La lecture de l’article 775 du code de procédure civile, auquel nous invite le présent arrêt, fournit un parfait exemple du fait que le droit est avant tout un phénomène linguistique :

prenez ce texte qui prévoit, depuis le décret n° 2005-1678 du 28 décembre 2005, une règle relativement claire : les ordonnances du juge (ou du conseiller) de la mise en état n’ont pas autorité de chose jugée au principal, « à l’exception de celles statuant sur les exceptions de procédure et sur les incidents mettant fin à l’instance » ; interrogez-vous sur la signification de chacun des mots qui le composent ;  vous obtiendrez une incertitude sur le véritable sens qu’il convient de donner à la règle qu’il renferme.

Un exercice concret pour illustrer le propos : isolons la formule « mettant fin à l’instance ». Doit-elle s’appliquer aux « incidents » - terme qui précède immédiatement cette formule - ou concerne-t-elle à la fois ces derniers (sur les incidents mettant fin à l’instance visés définis comme ceux mentionnés par les articles 384 et 385 du code de procédure civile, V. not. : Cass., avis, 13 nov. 2006, Bull. civ. n° 10 ; D. 2006. 2949 image ; ibid. 2007. 1380, obs. P. Julien image ; RTD civ. 2007. 177, obs. R. Perrot image) et les décisions relatives aux exceptions de procédure ?

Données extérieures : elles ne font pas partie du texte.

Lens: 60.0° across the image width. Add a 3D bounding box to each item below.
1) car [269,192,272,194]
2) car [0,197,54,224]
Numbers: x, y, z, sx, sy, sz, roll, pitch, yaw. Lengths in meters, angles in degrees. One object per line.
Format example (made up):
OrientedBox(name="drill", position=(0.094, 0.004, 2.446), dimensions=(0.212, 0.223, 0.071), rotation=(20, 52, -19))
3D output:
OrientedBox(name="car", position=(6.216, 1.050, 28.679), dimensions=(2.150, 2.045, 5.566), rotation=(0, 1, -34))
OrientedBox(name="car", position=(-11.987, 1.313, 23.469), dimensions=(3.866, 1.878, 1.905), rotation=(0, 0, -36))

Prenons en outre le verbe « statuer » employé par le texte. Il s’agit a priori d’un terme neutre qui couvre aussi bien le cas où il est fait droit à la demande que celui où elle est rejetée (V. en ce sens, R. Perrot, Procédures n° 5, mai 2008, comm. 134). Faut-il en déduire que le texte confère une autorité de chose jugée à toute décision relative à ces exceptions de procédure et à ces incidents d’instance ?

Difficile à dire à la seule lecture du texte.

Fort heureusement, l’un des rôles essentiels de la Cour de cassation consiste à interpréter les textes, c’est-à-dire à leur donner un sens précis. C’est précisément ce que fait sa deuxième chambre civile dans cette décision du 9 janvier 2020 à laquelle elle a donné une large diffusion (F-P+B+I).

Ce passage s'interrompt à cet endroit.